People keep yelling about Obama Care not being the solution, that it's tantamount to socialism, etc., etc.  But the current system, putting people in old-folks-homes and giving their care to the lowest bidder where they are medicated into a pseudo-death is no better than a concentration camp with hospital corners.  (sorry for the run-on sentence).   Okay, harsh, they don't have gas chambers (unless you consider industrial strength urine remover toxic?) and most of the doctors did get their degrees in the US, but the idea of putting a protected class away, where they are forgotten by their neighbors,weekend do-gooding for their kids with kids, and stock-piled like cord wood in sterile-ish facilities with shared commodes.  Indignities abound all in a days work by slightly more than minimum wage earners.  Whew, I'm glad I got that off my noggin.

I never thought I would be advocating for old-people.  I guess that's yet another indication that I'm growing up.  Damn!  I guess I'm not advocating for the elderly now, but advocating for  change before the family carts me off to the farm.

13 August 2011

Avoiding Narcissus' Fate

Narcissus was a beautiful Greek of mythology who was led to a pond of clear cool water to get a look at himself by Nemesis.  He fell in love with his image and couldn't be bothered to leave it and he died.  When I looked closer into the myth I found Narcissus' name was synonymous with the words sleep or numbness.  Is that my problem?  No, I'm no beauty, nothing on Narcissus' level, but I seem to have fallen head-first into a pool of tears and have become half asleep and numb.  Too dramatic?  Possibly.

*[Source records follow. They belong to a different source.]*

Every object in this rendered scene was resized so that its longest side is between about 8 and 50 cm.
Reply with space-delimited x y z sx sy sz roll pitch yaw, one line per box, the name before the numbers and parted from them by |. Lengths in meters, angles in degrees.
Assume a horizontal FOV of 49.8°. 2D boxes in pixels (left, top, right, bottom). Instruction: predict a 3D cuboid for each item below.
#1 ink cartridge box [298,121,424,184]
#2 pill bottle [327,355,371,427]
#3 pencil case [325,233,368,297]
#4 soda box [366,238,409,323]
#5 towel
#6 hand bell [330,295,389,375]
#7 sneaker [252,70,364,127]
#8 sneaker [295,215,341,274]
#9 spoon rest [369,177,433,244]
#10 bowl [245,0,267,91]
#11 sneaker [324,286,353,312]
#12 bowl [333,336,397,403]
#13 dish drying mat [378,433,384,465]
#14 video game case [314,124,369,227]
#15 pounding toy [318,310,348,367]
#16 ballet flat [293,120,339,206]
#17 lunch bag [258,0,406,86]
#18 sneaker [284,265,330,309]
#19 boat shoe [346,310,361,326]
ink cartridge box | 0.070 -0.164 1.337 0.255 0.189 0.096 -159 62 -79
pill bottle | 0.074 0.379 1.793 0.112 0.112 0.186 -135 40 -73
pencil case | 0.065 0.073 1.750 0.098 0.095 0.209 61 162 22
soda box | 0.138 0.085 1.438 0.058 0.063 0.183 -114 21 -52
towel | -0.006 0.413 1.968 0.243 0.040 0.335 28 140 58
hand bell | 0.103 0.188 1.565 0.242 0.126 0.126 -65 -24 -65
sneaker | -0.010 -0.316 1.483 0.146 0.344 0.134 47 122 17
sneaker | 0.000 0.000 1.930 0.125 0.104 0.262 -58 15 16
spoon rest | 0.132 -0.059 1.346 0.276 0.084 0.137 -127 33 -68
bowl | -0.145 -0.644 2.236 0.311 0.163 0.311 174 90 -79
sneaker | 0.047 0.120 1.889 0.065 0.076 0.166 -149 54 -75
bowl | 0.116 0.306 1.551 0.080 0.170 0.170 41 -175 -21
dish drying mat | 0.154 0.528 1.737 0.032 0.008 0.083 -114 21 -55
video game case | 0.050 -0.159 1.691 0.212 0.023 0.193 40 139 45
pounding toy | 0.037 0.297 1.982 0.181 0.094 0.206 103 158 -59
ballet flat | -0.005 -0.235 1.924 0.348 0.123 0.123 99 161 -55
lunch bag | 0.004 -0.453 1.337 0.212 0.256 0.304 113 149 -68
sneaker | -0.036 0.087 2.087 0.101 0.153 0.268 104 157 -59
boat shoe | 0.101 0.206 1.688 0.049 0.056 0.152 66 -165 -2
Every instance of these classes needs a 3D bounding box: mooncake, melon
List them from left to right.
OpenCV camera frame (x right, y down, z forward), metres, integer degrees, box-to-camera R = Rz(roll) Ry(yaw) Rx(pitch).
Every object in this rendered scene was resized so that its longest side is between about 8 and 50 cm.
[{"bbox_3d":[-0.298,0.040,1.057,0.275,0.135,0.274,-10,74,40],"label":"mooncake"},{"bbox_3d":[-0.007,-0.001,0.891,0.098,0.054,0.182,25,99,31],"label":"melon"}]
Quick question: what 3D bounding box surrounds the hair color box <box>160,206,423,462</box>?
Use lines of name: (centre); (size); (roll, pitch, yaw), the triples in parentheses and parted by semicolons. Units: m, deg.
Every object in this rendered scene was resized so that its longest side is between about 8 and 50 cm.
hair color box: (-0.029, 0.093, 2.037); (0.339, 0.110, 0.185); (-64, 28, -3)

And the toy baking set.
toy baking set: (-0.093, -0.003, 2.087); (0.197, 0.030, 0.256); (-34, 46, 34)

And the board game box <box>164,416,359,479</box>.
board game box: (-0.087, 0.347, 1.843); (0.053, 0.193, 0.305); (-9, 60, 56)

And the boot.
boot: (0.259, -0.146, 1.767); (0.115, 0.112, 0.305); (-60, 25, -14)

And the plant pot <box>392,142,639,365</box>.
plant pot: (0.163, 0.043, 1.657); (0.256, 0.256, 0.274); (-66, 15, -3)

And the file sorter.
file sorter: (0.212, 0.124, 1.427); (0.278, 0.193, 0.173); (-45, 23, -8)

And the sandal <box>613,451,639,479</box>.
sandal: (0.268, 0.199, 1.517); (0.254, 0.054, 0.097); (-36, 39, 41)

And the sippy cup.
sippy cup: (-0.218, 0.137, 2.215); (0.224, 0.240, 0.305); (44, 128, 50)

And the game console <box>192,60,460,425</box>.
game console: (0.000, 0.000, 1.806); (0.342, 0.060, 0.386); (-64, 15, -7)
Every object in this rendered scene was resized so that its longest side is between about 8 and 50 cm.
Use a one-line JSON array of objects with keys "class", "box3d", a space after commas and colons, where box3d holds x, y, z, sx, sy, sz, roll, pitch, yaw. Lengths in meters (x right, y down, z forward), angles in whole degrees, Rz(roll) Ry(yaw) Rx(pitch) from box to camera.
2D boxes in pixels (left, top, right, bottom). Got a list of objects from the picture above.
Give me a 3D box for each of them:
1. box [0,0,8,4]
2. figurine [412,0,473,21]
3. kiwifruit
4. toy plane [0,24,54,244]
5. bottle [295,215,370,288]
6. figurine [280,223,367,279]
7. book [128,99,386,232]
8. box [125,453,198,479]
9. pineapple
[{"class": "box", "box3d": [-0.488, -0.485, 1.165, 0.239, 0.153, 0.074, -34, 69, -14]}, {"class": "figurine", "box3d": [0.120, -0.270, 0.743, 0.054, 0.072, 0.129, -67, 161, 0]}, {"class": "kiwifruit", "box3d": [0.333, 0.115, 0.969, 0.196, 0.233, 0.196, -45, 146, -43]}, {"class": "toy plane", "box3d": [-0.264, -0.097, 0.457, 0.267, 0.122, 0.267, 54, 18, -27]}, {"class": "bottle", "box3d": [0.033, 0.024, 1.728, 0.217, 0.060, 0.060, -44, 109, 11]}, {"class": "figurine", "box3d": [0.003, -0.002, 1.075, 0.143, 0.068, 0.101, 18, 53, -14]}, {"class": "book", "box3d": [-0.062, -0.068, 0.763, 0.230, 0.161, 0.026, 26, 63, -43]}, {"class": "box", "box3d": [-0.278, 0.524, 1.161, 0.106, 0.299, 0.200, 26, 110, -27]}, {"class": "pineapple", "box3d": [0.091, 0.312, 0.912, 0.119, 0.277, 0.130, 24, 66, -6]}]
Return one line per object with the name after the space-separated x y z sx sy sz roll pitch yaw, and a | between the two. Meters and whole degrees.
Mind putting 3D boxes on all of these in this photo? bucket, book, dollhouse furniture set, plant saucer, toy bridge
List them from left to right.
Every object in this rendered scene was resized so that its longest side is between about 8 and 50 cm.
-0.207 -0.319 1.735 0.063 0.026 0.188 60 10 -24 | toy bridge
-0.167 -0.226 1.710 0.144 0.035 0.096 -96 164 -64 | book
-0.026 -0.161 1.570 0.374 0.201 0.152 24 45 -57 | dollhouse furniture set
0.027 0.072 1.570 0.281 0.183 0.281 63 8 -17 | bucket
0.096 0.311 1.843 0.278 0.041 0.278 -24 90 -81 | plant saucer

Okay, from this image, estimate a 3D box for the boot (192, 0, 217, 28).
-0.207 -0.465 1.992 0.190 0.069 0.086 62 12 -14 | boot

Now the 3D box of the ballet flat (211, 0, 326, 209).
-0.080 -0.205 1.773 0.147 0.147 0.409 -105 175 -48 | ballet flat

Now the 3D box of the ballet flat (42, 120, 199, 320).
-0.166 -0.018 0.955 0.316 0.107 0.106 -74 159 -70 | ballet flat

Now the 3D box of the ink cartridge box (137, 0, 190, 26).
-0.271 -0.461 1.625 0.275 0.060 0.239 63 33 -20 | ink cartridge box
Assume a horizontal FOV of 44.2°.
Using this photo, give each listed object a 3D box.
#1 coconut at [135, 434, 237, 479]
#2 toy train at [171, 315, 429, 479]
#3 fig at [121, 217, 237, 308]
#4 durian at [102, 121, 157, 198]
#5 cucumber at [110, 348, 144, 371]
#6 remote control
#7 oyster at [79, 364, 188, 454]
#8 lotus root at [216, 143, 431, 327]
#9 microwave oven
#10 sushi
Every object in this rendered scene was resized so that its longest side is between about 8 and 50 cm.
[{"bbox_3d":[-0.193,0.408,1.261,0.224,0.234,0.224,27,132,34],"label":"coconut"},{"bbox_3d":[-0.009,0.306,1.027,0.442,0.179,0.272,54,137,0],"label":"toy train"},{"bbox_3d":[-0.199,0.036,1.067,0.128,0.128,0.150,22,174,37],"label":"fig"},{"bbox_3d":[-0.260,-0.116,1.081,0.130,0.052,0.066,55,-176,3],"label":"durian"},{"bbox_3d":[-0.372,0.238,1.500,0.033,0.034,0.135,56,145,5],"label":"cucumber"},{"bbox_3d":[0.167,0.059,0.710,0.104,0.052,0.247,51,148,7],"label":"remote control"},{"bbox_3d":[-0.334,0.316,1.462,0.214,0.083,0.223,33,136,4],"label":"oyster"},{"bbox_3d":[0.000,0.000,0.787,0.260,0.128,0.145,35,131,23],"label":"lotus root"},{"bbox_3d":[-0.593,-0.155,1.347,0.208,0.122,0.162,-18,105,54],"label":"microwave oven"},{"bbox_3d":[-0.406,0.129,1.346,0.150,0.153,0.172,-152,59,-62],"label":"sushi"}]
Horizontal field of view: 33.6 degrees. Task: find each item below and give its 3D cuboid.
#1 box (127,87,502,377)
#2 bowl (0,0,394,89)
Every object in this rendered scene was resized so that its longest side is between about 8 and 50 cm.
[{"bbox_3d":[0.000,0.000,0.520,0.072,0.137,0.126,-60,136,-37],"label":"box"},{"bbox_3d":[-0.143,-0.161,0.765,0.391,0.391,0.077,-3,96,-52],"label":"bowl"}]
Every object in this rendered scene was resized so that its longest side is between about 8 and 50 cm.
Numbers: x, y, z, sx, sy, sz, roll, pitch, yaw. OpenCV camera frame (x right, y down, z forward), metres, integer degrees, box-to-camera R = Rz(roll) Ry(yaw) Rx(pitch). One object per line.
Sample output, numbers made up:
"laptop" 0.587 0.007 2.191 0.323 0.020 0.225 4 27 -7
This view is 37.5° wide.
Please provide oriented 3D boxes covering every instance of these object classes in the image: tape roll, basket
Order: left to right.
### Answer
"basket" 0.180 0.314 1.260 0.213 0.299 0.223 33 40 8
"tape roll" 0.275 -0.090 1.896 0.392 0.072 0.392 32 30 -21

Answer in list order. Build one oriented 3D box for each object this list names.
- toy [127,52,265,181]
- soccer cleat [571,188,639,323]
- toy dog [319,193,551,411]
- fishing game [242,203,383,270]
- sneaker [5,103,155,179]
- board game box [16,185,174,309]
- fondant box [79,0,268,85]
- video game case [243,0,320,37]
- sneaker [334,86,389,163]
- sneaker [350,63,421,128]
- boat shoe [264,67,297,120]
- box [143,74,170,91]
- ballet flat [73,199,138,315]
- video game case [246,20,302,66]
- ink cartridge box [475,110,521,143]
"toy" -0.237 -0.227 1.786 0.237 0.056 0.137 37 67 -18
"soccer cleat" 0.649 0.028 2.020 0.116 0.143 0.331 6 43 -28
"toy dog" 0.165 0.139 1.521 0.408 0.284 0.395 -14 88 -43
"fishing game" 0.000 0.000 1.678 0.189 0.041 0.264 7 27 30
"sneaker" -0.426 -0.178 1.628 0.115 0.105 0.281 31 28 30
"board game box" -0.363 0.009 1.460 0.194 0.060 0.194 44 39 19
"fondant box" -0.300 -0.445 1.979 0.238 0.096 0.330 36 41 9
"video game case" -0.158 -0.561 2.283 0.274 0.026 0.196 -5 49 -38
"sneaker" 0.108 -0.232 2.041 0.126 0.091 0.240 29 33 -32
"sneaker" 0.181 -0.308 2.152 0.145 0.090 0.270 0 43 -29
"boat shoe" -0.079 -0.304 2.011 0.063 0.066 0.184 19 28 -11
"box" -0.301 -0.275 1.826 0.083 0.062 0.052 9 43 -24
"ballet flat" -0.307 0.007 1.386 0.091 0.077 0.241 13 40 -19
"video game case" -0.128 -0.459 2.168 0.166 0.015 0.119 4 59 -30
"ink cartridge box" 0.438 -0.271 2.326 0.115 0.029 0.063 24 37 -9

Depression isn't about self-love, it's more being completely consumed by self-loathing.  One becomes so obsessed with ones problem/situation/failures or whatever ones psychological nemesis has lured one with, and one can't pull away from the pool of tears one sees oneself in. 

I'm reading back over my words and I'm excited by what I'm saying.  Normally I let my brain have a modicum of freedom with my fingers and just let the grey matter do the talking., like the subconscious talks to the conscious.  In the past I've considered depression to be self-inflicted, self-centered, self-indulgent and wrong.  Of course, I was depressed and hated myself when I made those generalizations.  Now, I'm seeing it's not that easy, it's not an excuse to run myself down but a reason to get help.  Though I still feel at time that taking the time to fix myself, to focus in, I'm wasting time and energy.  However,  I am getting the help, equivalent of the nemesis that pushed me towards the negative, to pull myself away from the pool of tears and getting back into the world and not suffer the same fate as Narcissus.